À la découverte des lieux…

La visite du site permet de comprendre le mode d’aménagement des habitations troglodytiques.

Des marches taillées dans le roc mènent à l’entrée d’origine de la forteresse. C’est la seule entrée possible. Intégrée au système défensif, elle est protégée par un poste à partir duquel des projectiles pouvaient être lancés. Une porte et un pont-levis complétaient ce dispositif. Le « grand escalier », l’un des plus grands escaliers monolithiques en Europe, mène à une terrasse supérieure.

Le tunnel du « pas du miroir » permet de quitter le Fort et d’entrer dans la Cité, une grande plate-forme de 400 mètres de long, l’un des plus grands et des plus anciens sites rupestres du monde. Cet abri naturel constituait la partie principale de la ville.

Des reconstitutions d’habitat permettent de comprendre les grands principes de l’habitat troglodytique au Moyen-Âge. Des trous, pratiqués dans la roche calcaire, permettent de soutenir la charpente. Les façades ressemblent à celle des maisons à colombages construites dans le style traditionnel de l’époque médiévale. Les toits étaient couverts de pierres plates appelées lauzes. À l’intérieur, les parois de la grotte servent de murs et des cavités sont creusées dans la roche pour servir de zones de stockage. Des canalisations pour récupérer et évacuer les eaux sont visibles ainsi que 1 500 anneaux creusés dans le rocher pour accrocher les lampes et les bêtes.

On peut découvrir une vingtaine de lieux de vie, clairement identifiables : la cuisine, la forge, l’étable, l’abattoir à proximité d’un fumoir pour la conservation des viandes, l’église et ses sépultures, un coffre-fort… On peut également admirer des reconstitutions de machines de génie civil, dont l’impressionnant treuil à tambour. Également appelée « cage à écureuil », elle était utilisée dès le XIIesiècle : un homme pouvait soulever à lui seul jusqu’à 500 kg tout simplement en marchant à l’intérieur de la roue.

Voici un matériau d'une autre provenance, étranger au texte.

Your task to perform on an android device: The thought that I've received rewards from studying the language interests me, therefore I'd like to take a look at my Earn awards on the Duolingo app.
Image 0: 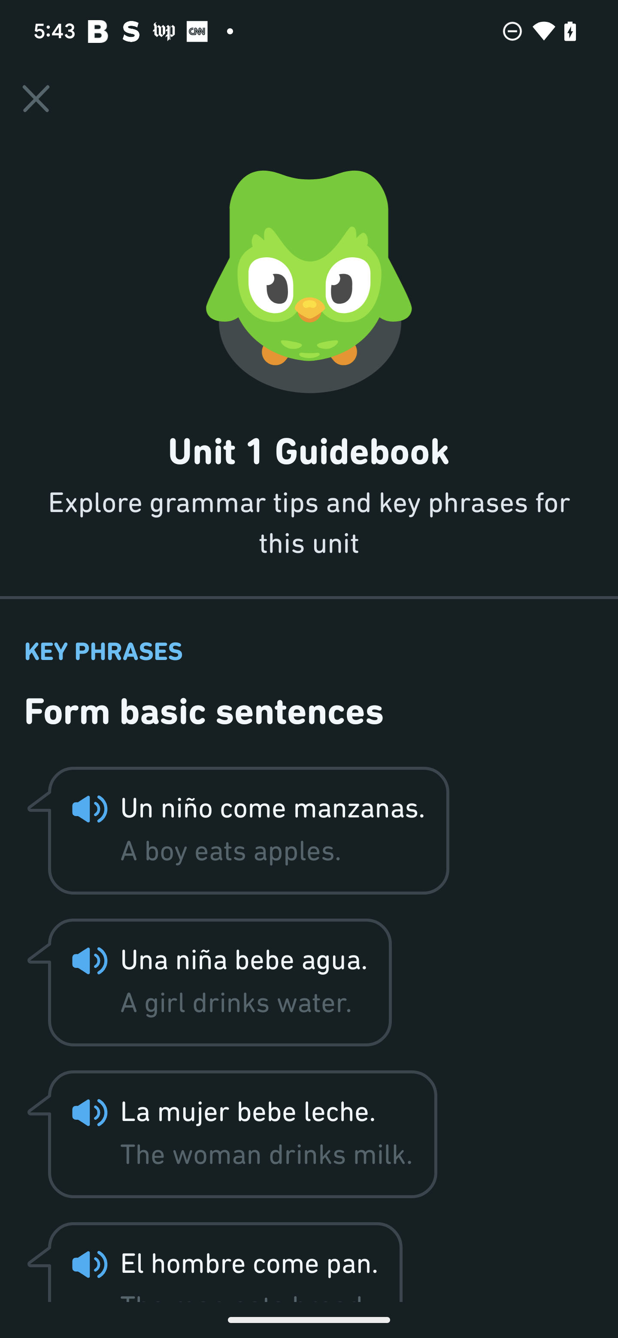
Go back to the previous page
Step 0: press back button
Image 2: 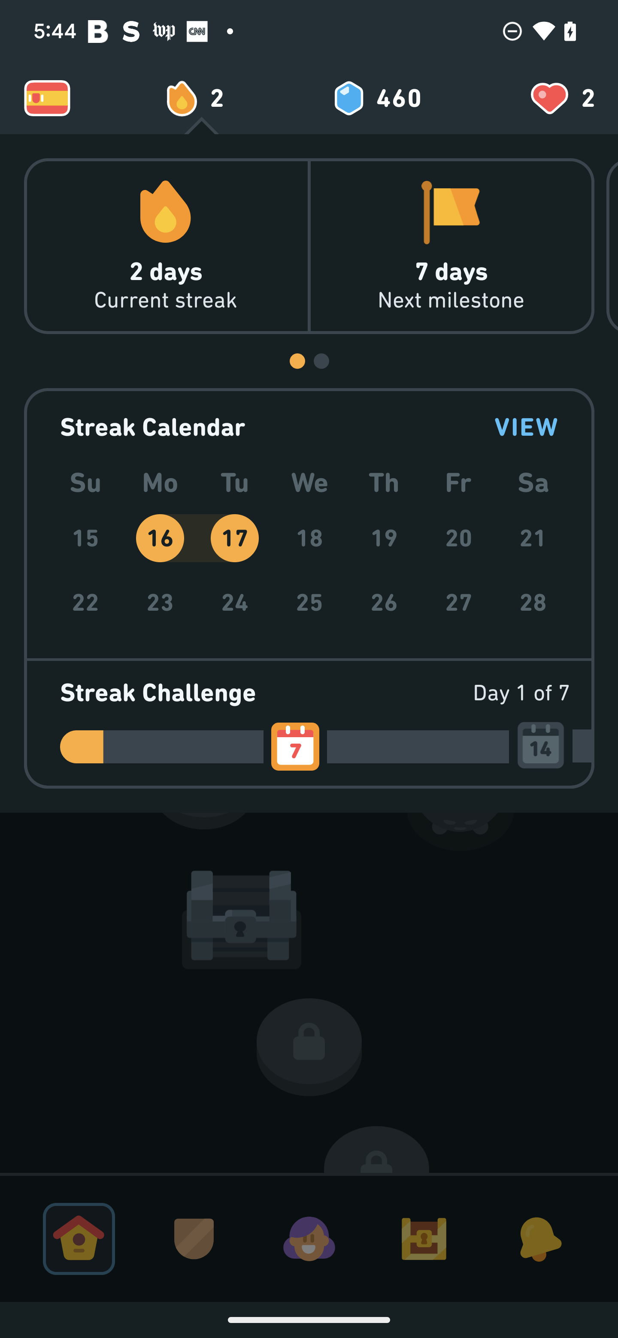
Go back to the previous page
Step 2: press back button
Image 3: 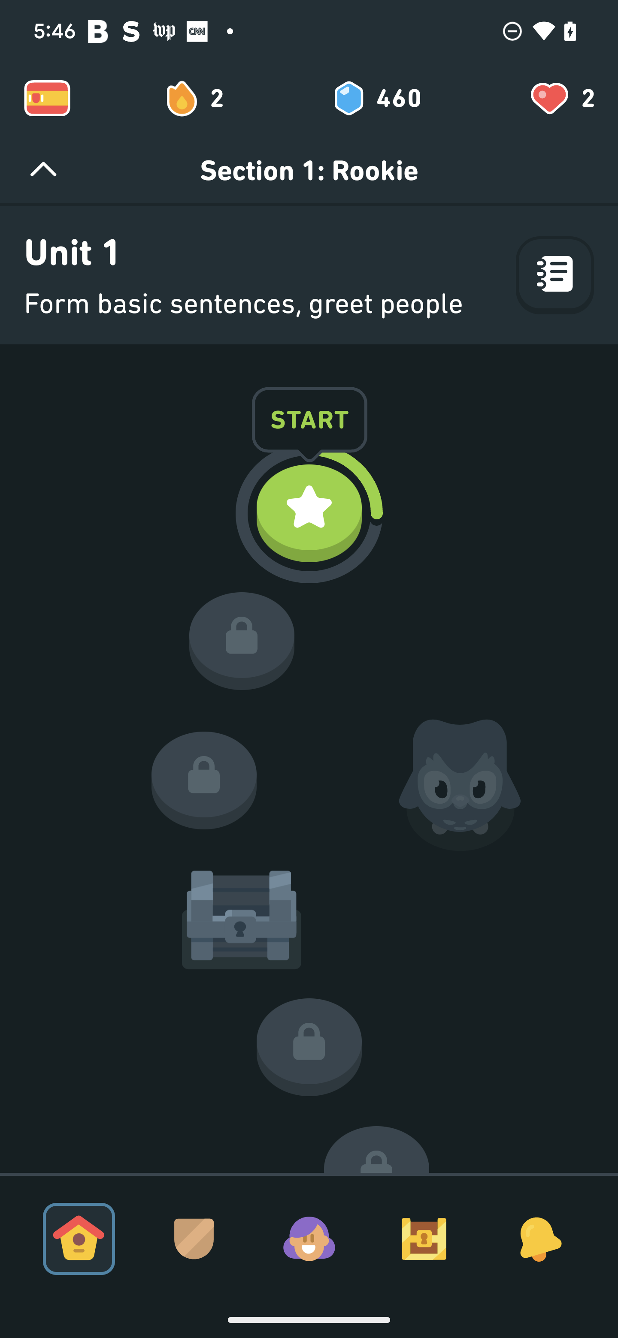
Click on the rewards icon
Step 3: click (424, 1239)

Des machines de guerre médiévales rappellent que cette terrasse fut jadis l’une des pièces maîtresses du système défensif de la cité troglodytique. De là, des projectiles pouvaient être jetés sur les envahisseurs. À côté de l’escalier, une salle taillée dans la roche ; elle était servait d’abri aux guerriers. Plus haut, un observatoire.

Une projection en 3D sur grand écran au niveau de la terrasse retrace l’évolution de la falaise à travers les âges. De plus, une scène de la vie quotidienne, conçue par les modélistes du musée Grévin, rappelle que le premier à avoir aménagé dans cette forteresse naturelle est l’homme de Néanderthal.



Une brève histoire du fort troglodytique de La Roque Saint Christophe

Les nombreux vestiges archéologiques retrouvés en ces lieux témoignent d’une occupation massive, du Paléolithique moyen jusqu’au début de la Renaissance, en passant par le Néolithique, l’âge du bronze puis celui du fer, l’époque gallo-romaine et le Moyen-Âge.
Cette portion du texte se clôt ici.